Yes, you can link more than one smartphone or wearable device to a single participant. RAPIDS will merge them and sort them automatically.
??? info "Some of my participants switched from Android to iOS or vice-versa during my study; can RAPIDS handle this?"
??? question "Some of my participants switched from Android to iOS or vice-versa during my study; can RAPIDS handle this?"
Yes, data from multiple smartphones can be linked to a single participant. All iOS data is converted to Android data before merging it.
### Extending RAPIDS
??? info "Can I add my own behavioral features/digital biomarkers?"
??? question "Can I add my own behavioral features/digital biomarkers?"
Yes, you can implement your own features in R or Python following this [tutorial](../../features/add-new-features/)

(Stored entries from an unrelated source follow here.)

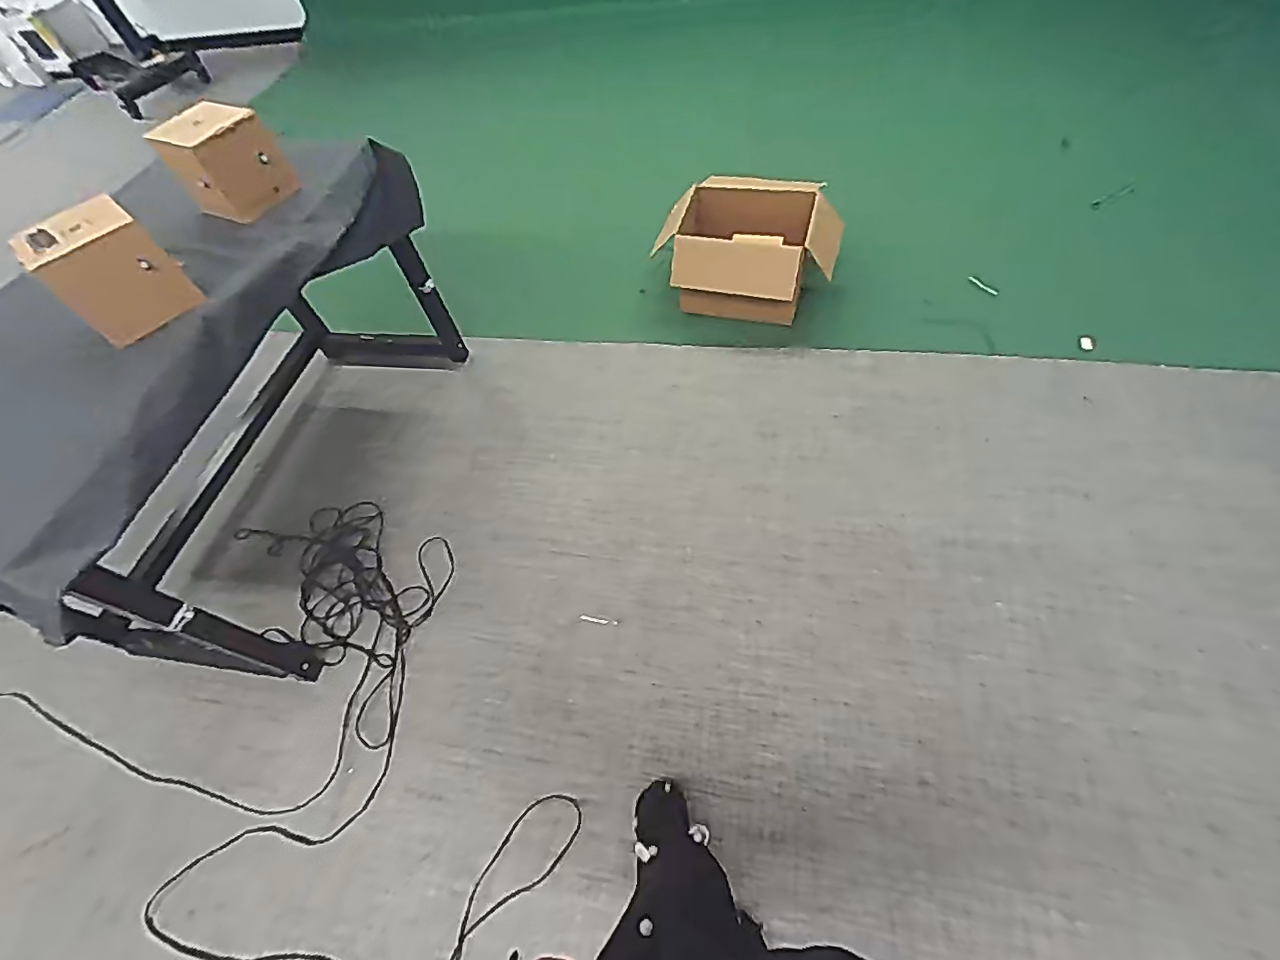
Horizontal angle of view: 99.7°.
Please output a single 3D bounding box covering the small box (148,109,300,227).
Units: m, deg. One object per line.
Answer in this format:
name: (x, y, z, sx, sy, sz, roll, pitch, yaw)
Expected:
small box: (-0.915, -0.692, 1.207, 0.179, 0.176, 0.168, 20, 60, 21)
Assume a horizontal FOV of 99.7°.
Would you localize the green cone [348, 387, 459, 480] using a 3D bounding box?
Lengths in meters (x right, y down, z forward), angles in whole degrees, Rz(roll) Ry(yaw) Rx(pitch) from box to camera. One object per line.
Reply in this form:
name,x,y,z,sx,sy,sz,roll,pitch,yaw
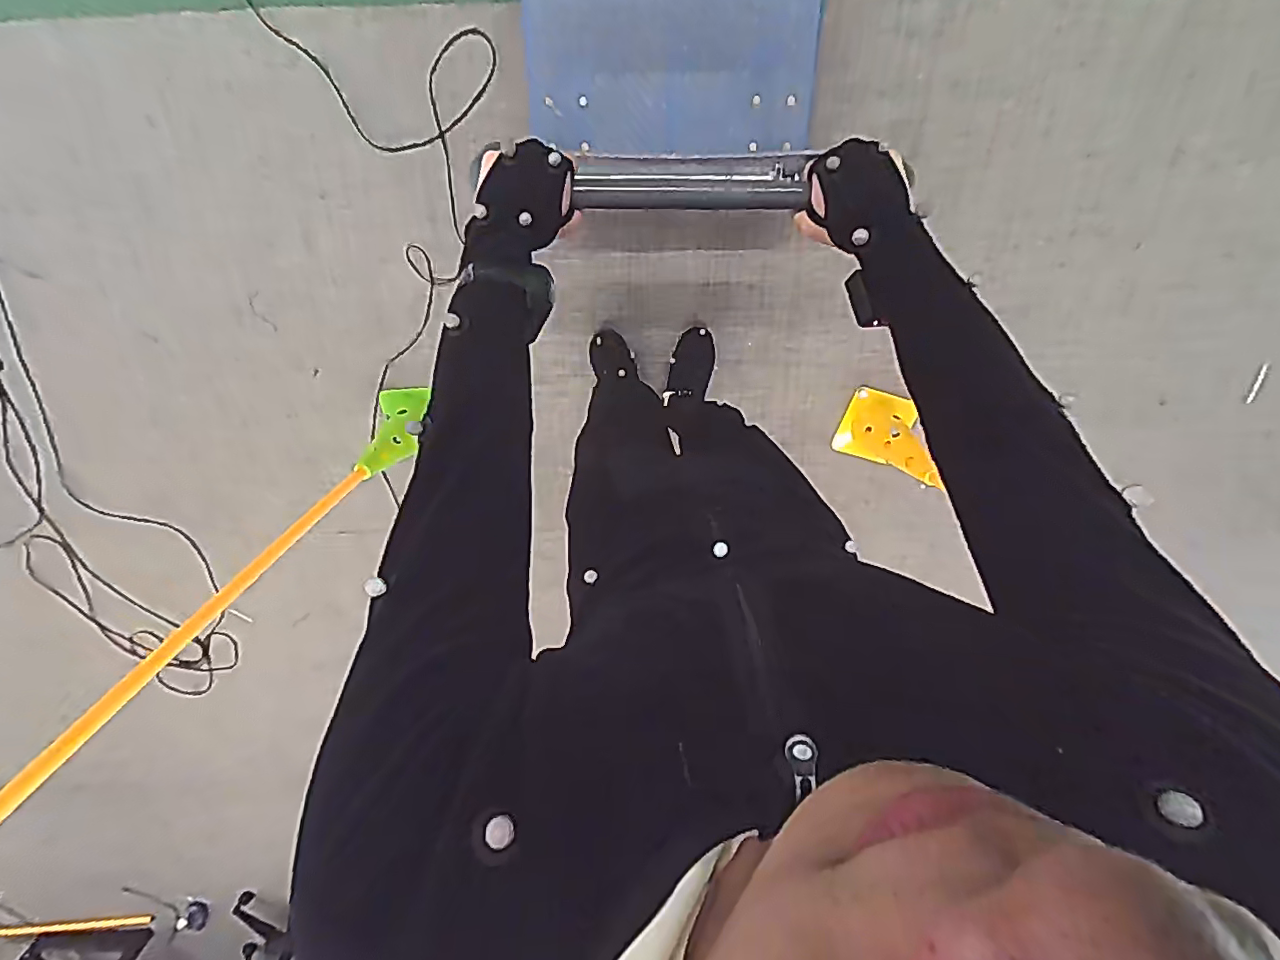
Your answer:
green cone,-0.651,-0.098,1.427,0.202,0.368,0.200,-4,115,5
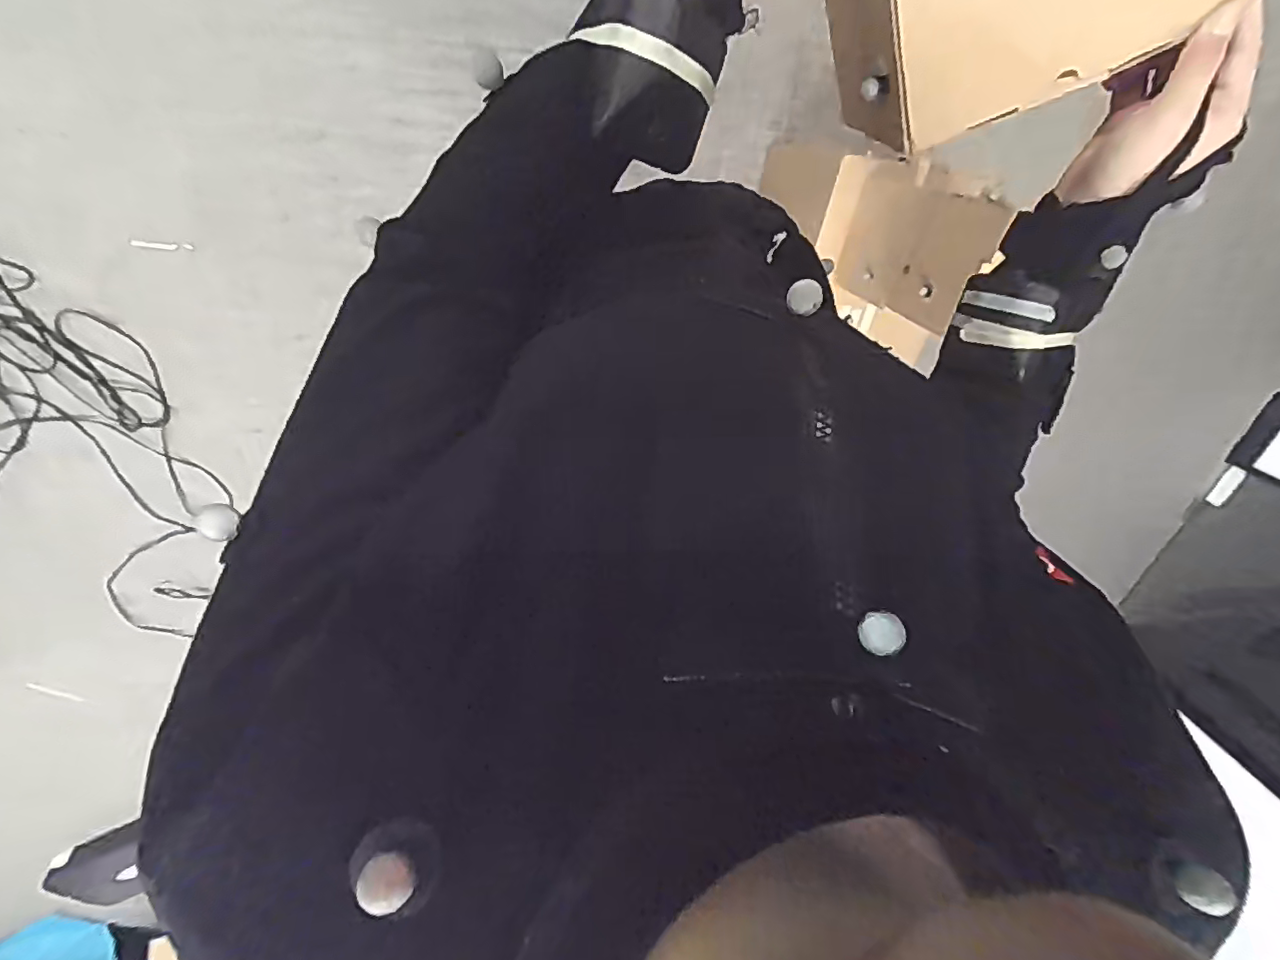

??? info "Can I extract behavioral features based on two or more sensors?"
??? question "Can I extract behavioral features based on two or more sensors?"
Yes, we do this for `PHONE_DATA_YIELD` (combines all phone sensors), `PHONE_LOCATIONS` (combines location and data yield data), `PHONE_APPLICATIONS_BACKGROUND` (combines screen and app usage data), and `FITBIT_INTRADAY_STEPS` (combines Fitbit and sleep and step data).
However, we haven't come up with a user-friendly way to configure this, and currently, we join sensors on a case-by-case basis. This is mainly because not enough users have needed this functionality so far. Get in touch, and we can set it up together; the more use cases we are aware of, the easier it will be to integrate this into RAPIDS.
??? info "I know how to program in Python or R but not both. Can I still use or extend RAPIDS?"
??? question "I know how to program in Python or R but not both. Can I still use or extend RAPIDS?"
Yes, you don't need to write any code to use RAPIDS out of the box. If you need to add support for new [data streams](../../datastreams/add-new-data-streams/) or [behavioral features](../../features/add-new-features/) you can use scripts in either language.
??? info "I have scripts that clean raw data from X sensor, can I use them with RAPIDS?"
??? question "I have scripts that clean raw data from X sensor, can I use them with RAPIDS?"
Yes, you can add them as a [`[MUTATION][SCRIPT]`](../../datastreams/add-new-data-streams/#complex-mapping) in the `format.yaml` of the [data stream](../../datastreams/data-streams-introduction/) you are using. You will add a `main` function that will receive a data frame with the raw data for that sensor that in turn will be used to compute behavioral features.